State how many lines in the listing below include the word "cuboid". Give nothing but the number.
----------
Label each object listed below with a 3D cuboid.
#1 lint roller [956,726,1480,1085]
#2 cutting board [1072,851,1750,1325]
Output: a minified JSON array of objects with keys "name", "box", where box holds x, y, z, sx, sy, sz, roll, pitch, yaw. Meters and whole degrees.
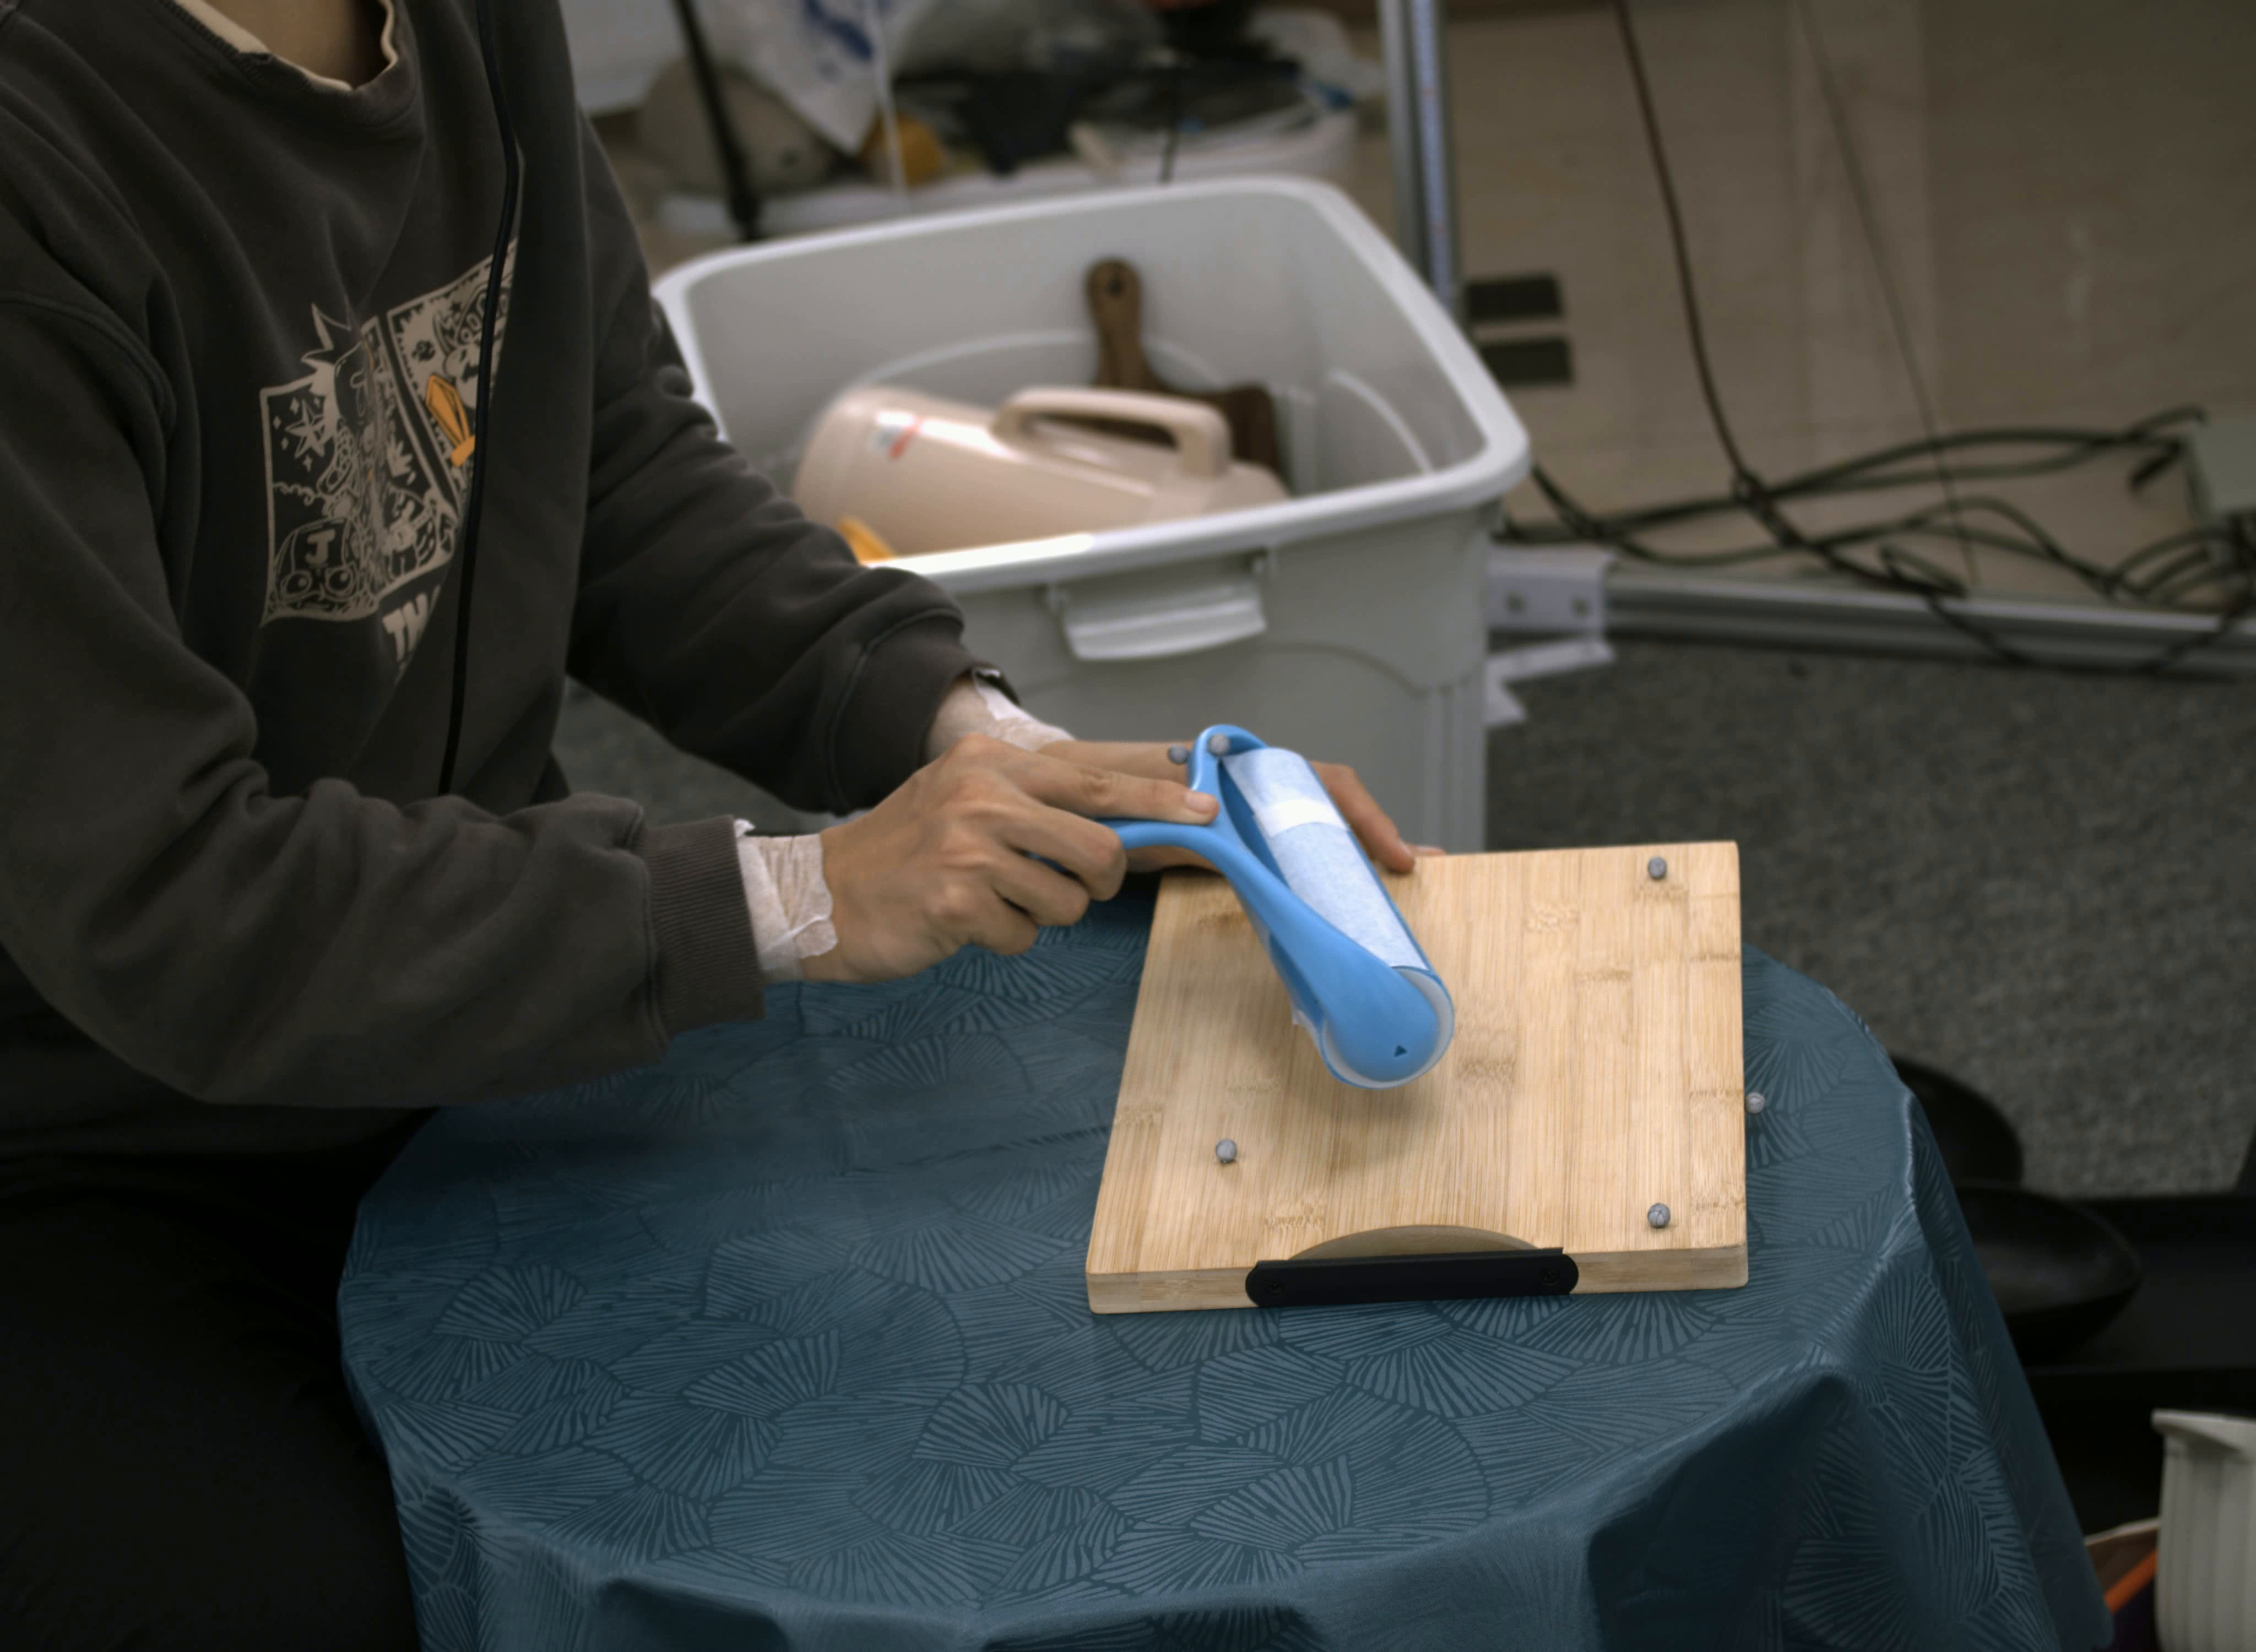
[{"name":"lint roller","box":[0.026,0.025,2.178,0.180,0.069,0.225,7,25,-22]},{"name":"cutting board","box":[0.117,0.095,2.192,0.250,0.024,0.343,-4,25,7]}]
----------
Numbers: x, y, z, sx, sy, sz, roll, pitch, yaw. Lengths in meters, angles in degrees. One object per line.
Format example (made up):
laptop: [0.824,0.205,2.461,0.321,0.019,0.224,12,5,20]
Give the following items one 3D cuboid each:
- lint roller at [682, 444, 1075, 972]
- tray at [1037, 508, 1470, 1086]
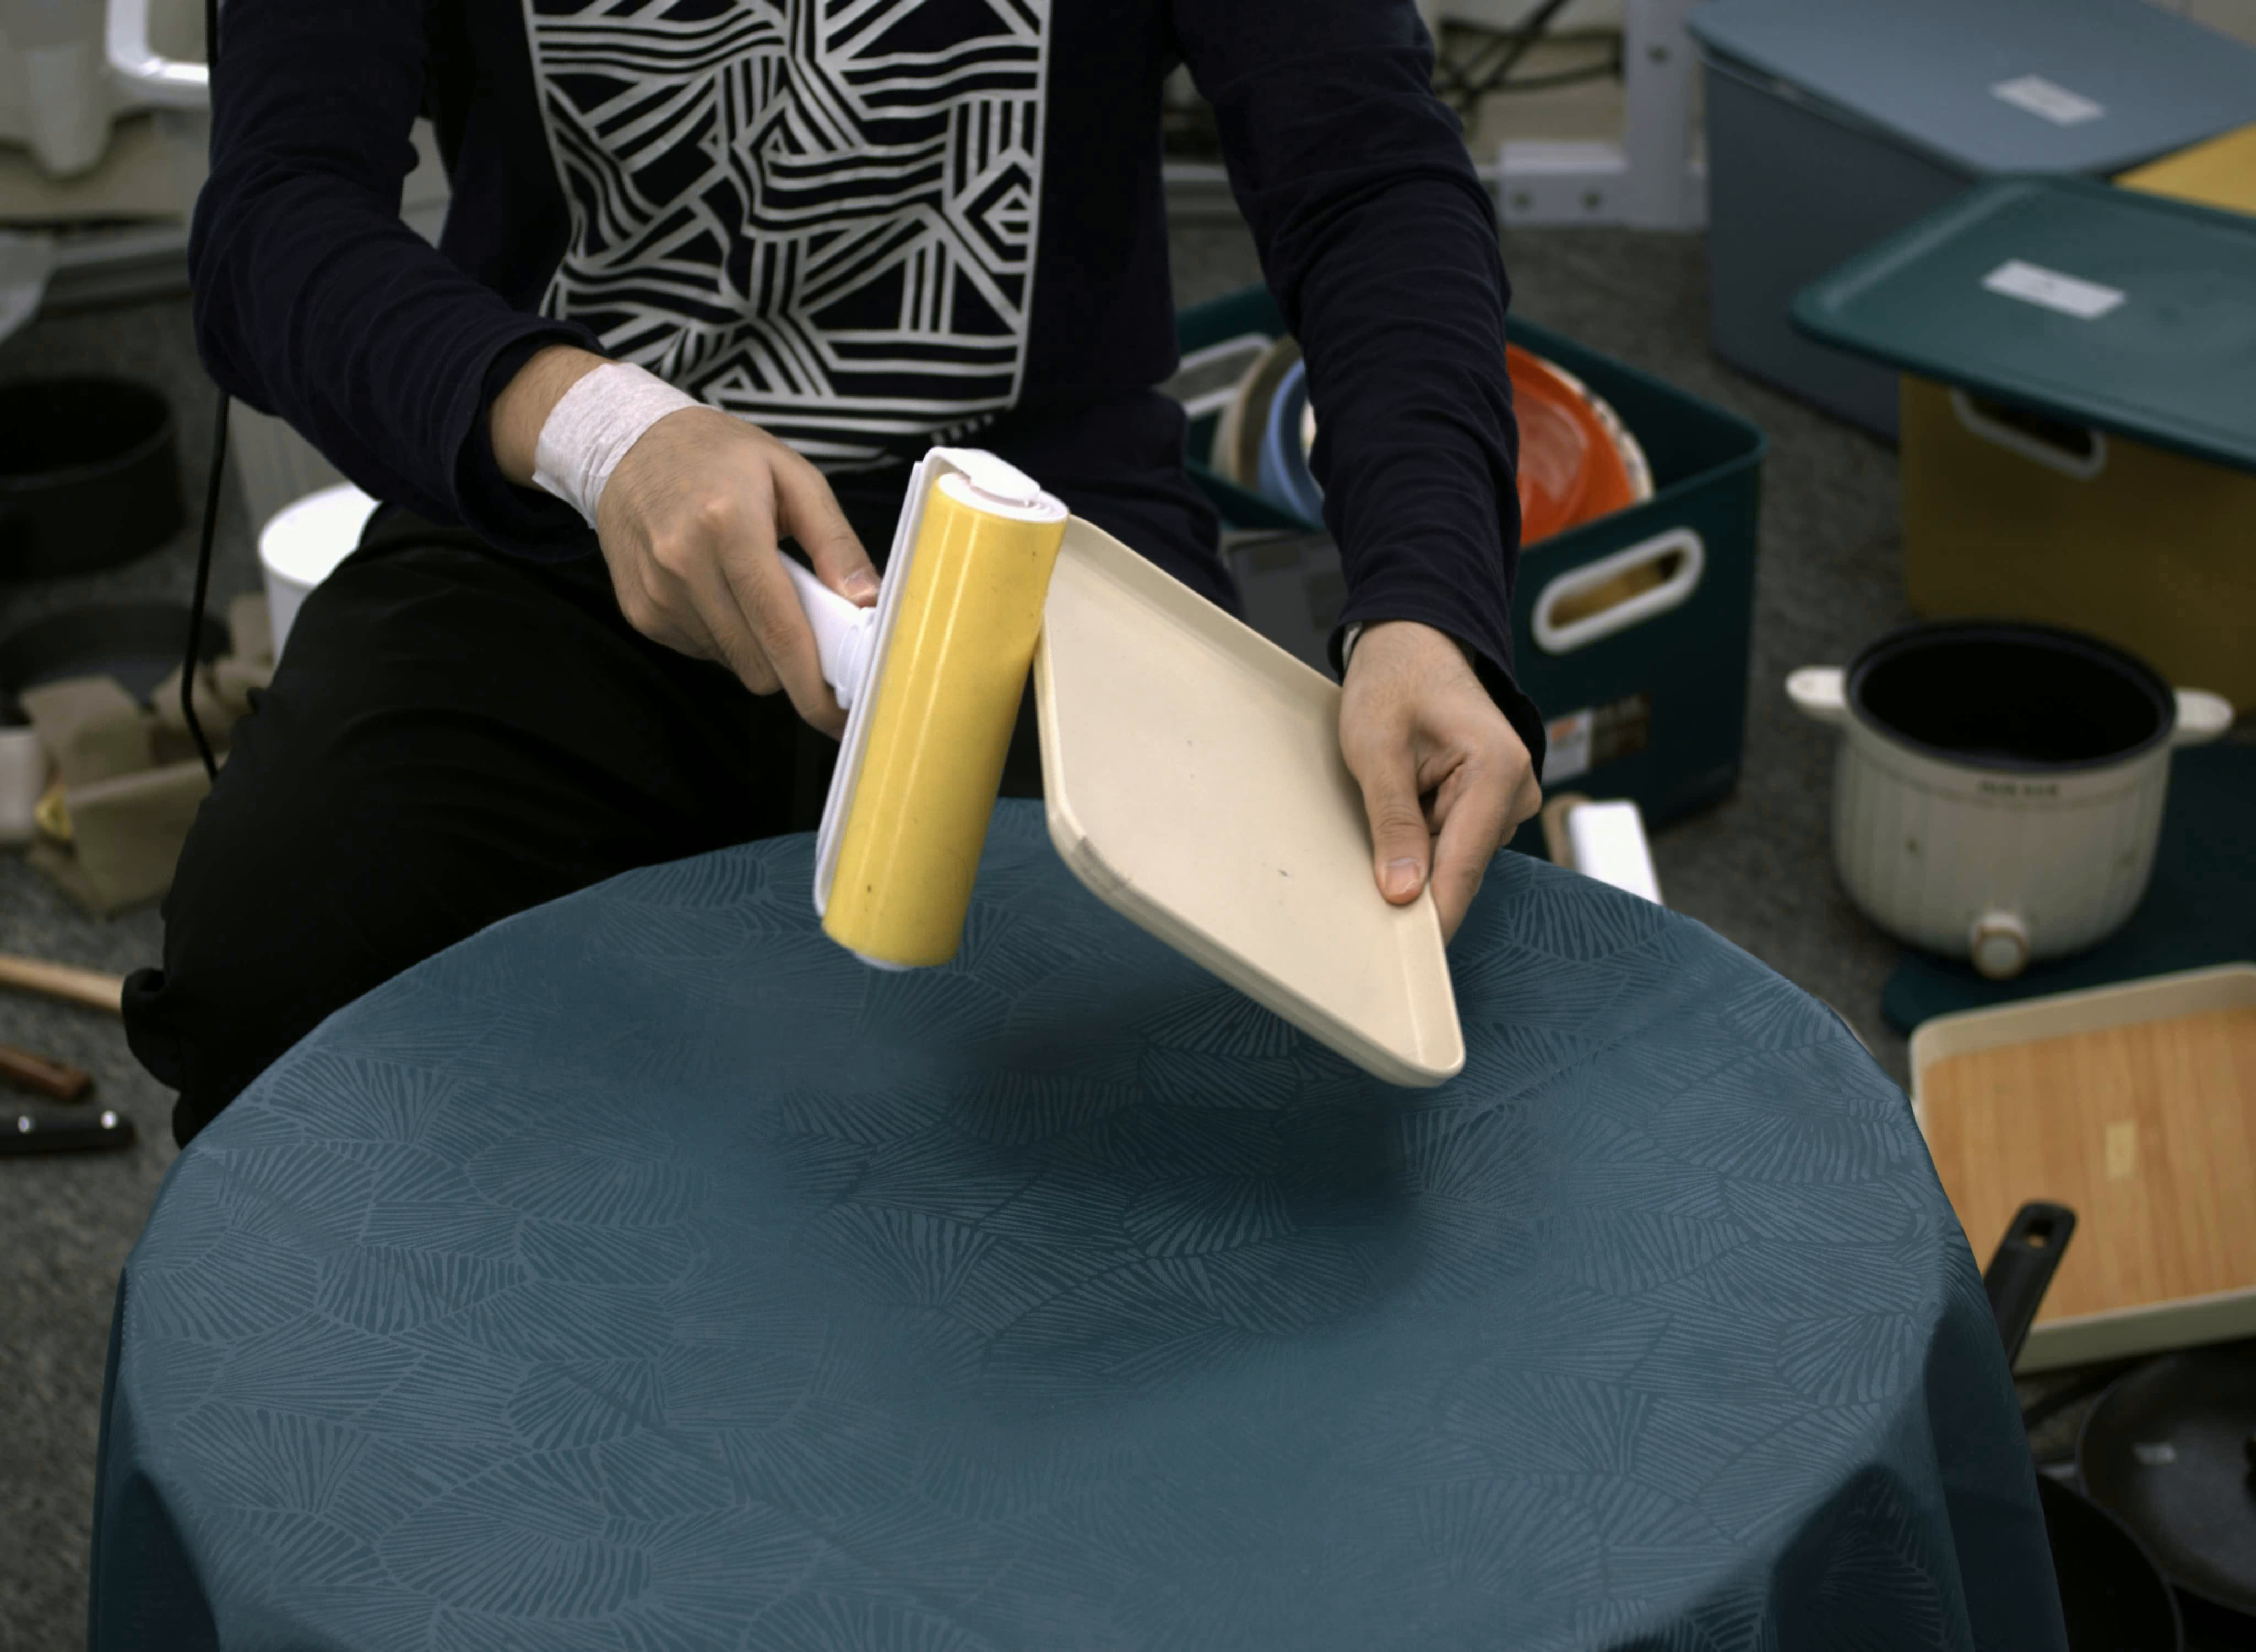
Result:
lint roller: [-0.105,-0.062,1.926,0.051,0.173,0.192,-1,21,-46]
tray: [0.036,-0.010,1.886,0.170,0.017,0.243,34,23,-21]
----------
* **Problem solution**
2